Find the value of each of these investments at the end of the period specified below. (a) \( \$ 3500 \) invested at \( 5 \frac{2}{5} \% \) compounded annually for five years (b) \( \$ 6000 \) invested at \( 7 \% \) compounded semiannually for ten years (a) The amount in the account after five years is \( \$ \square \) (Round to the nearest cent as needed.)

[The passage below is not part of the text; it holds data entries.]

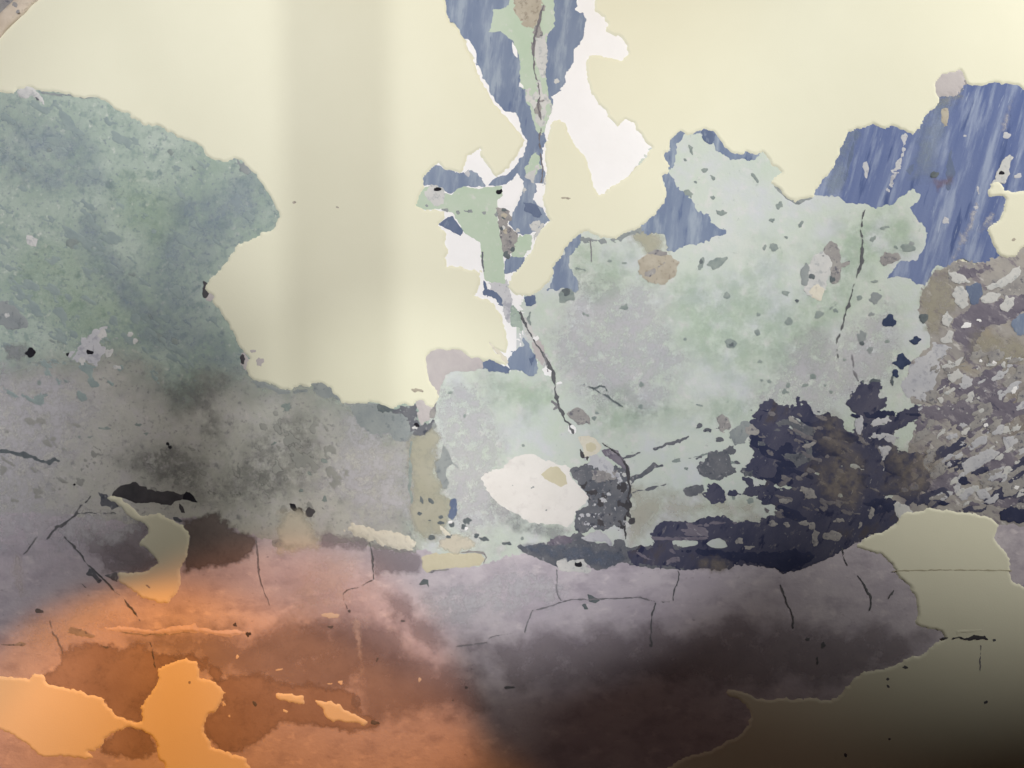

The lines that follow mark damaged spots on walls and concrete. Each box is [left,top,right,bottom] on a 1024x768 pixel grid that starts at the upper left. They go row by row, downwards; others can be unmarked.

peeling [416,0,652,395]
peeling [0,86,416,553]
crack [519,311,576,434]
peeling [429,70,1024,587]
crack [836,210,865,381]
crack [23,496,156,667]
damp [278,511,317,552]
damp [408,430,489,541]
peeling [0,511,944,768]
crack [456,569,680,647]
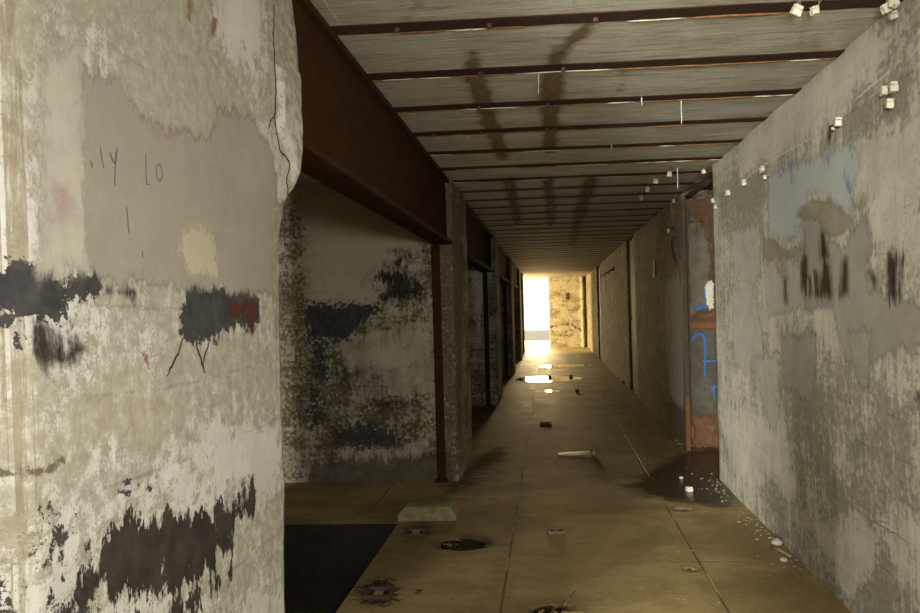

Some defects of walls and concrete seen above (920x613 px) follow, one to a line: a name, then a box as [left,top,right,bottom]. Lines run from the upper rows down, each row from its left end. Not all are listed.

To compute the values of these investments, we can use the formula for compound interest: \[ A = P (1 + r/n)^{nt} \] where: - \( A \) = the amount of money accumulated after n years, including interest. - \( P \) = principal amount (the initial amount of money). - \( r \) = annual interest rate (decimal). - \( n \) = number of times that interest is compounded per year. - \( t \) = number of years the money is invested or borrowed. Now, let's solve each investment. ### (a) For \( \$ 3500 \) invested at \( 5 \frac{2}{5} \% = 5.4\% = 0.054 \) compounded annually for five years: - \( P = 3500 \) - \( r = 0.054 \) - \( n = 1 \) (compounded annually) - \( t = 5 \) Using the formula: \[ A = 3500 \left(1 + \frac{0.054}{1}\right)^{1 \times 5} \] \[ A = 3500 \left(1 + 0.054\right)^{5} \] \[ A = 3500 \left(1.054\right)^{5} \] Calculating \( (1.054)^{5} \approx 1.295618 \): \[ A \approx 3500 \times 1.295618 \approx 4525.66 \] The amount in the account after five years is **\$4525.66**. ### (b) For \( \$ 6000 \) invested at \( 7 \% = 0.07 \) compounded semiannually for ten years: - \( P = 6000 \) - \( r = 0.07 \) - \( n = 2 \) (compounded semiannually) - \( t = 10 \) Using the formula: \[ A = 6000 \left(1 + \frac{0.07}{2}\right)^{2 \times 10} \] \[ A = 6000 \left(1 + 0.035\right)^{20} \] \[ A = 6000 \left(1.035\right)^{20} \] Calculating \( (1.035)^{20} \approx 1.806111 \): \[ A \approx 6000 \times 1.806111 \approx 10836.67 \] The amount in the account after ten years is **\$10836.67**.